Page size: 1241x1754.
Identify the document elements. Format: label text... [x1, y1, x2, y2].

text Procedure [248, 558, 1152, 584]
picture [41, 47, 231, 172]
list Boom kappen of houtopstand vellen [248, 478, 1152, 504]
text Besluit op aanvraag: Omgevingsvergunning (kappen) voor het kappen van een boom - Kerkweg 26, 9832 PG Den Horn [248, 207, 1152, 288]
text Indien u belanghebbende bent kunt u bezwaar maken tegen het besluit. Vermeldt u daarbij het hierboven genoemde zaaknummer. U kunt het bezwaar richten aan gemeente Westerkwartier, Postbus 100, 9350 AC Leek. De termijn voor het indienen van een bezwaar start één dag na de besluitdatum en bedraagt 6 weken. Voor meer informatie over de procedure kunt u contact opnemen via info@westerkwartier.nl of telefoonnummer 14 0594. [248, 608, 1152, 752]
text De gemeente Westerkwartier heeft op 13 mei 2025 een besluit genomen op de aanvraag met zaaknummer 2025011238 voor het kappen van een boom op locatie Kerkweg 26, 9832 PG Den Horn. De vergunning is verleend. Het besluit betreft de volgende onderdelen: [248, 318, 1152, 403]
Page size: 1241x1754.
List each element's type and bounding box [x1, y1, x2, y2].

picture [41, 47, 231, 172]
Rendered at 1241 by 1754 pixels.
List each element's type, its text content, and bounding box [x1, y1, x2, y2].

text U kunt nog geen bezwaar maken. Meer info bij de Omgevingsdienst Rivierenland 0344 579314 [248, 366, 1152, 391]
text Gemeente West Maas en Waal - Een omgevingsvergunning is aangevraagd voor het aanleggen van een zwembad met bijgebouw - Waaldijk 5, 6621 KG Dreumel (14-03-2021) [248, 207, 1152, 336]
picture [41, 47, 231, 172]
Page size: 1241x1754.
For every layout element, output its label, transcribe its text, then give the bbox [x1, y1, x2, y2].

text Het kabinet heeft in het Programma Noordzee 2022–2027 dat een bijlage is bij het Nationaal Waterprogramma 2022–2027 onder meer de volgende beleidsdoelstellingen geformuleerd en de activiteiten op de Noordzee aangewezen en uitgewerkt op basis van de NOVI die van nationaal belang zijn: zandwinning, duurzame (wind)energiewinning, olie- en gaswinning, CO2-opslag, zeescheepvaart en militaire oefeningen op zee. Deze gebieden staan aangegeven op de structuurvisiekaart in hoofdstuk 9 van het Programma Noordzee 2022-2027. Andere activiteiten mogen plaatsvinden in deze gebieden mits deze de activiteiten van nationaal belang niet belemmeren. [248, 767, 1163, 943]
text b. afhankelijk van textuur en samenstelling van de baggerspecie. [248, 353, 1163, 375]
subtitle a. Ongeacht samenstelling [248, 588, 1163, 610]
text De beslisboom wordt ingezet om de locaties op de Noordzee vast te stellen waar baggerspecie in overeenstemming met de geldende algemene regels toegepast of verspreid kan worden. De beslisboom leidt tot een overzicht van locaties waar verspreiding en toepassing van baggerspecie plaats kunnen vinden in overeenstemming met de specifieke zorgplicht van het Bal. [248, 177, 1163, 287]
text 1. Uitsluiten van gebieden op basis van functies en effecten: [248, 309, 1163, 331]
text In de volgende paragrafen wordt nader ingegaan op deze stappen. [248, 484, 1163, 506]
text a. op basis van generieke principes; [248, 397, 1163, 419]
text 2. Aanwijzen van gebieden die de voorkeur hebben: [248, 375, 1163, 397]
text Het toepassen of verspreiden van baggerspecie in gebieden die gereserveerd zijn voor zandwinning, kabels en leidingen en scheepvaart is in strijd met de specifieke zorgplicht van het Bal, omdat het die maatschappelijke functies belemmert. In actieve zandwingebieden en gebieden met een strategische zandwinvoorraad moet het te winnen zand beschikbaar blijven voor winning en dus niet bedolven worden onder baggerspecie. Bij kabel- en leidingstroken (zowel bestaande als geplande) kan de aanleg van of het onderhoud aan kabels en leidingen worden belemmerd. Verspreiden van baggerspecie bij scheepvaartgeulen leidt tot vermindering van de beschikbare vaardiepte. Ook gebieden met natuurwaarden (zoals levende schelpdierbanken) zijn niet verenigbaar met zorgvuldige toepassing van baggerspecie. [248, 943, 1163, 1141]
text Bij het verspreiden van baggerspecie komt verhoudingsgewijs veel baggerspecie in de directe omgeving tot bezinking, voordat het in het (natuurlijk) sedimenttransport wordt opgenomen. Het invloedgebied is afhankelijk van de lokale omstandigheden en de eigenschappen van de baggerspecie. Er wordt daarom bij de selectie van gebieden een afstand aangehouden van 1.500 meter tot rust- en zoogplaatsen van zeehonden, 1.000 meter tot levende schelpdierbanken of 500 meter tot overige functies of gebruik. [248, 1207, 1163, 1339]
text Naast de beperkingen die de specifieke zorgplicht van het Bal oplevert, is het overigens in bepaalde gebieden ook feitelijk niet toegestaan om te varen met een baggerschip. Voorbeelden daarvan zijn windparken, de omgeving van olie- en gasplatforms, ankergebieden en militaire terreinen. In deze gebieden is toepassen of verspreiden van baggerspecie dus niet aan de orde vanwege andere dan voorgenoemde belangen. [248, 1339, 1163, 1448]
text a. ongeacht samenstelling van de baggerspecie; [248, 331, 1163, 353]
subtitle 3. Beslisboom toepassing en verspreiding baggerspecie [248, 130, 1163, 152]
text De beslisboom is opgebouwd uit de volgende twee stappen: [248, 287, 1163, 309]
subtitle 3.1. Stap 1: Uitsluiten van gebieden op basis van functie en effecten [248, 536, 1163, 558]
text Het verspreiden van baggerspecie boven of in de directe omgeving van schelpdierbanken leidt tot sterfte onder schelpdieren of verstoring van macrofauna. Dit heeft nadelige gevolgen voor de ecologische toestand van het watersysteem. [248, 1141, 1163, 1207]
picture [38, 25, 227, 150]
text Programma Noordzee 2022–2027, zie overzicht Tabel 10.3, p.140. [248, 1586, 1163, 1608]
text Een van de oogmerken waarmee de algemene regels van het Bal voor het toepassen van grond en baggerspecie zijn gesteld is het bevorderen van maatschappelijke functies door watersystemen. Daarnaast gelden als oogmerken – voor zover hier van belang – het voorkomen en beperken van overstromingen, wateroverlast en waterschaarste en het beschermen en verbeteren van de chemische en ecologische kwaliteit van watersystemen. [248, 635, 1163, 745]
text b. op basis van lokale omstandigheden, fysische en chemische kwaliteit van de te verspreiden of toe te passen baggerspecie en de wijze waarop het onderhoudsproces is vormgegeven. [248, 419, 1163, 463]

★ ★ ★ ★ ★

- _Your objective_:
Only the lines from the one containing "subtitle 3. Beslisboom" through the one containing "subtitle 3.1. Stap" are to be retyped, both boundary lines included, with no other material.

- _Answer to the problem_:
subtitle 3. Beslisboom toepassing en verspreiding baggerspecie [248, 130, 1163, 152]
text De beslisboom is opgebouwd uit de volgende twee stappen: [248, 287, 1163, 309]
subtitle 3.1. Stap 1: Uitsluiten van gebieden op basis van functie en effecten [248, 536, 1163, 558]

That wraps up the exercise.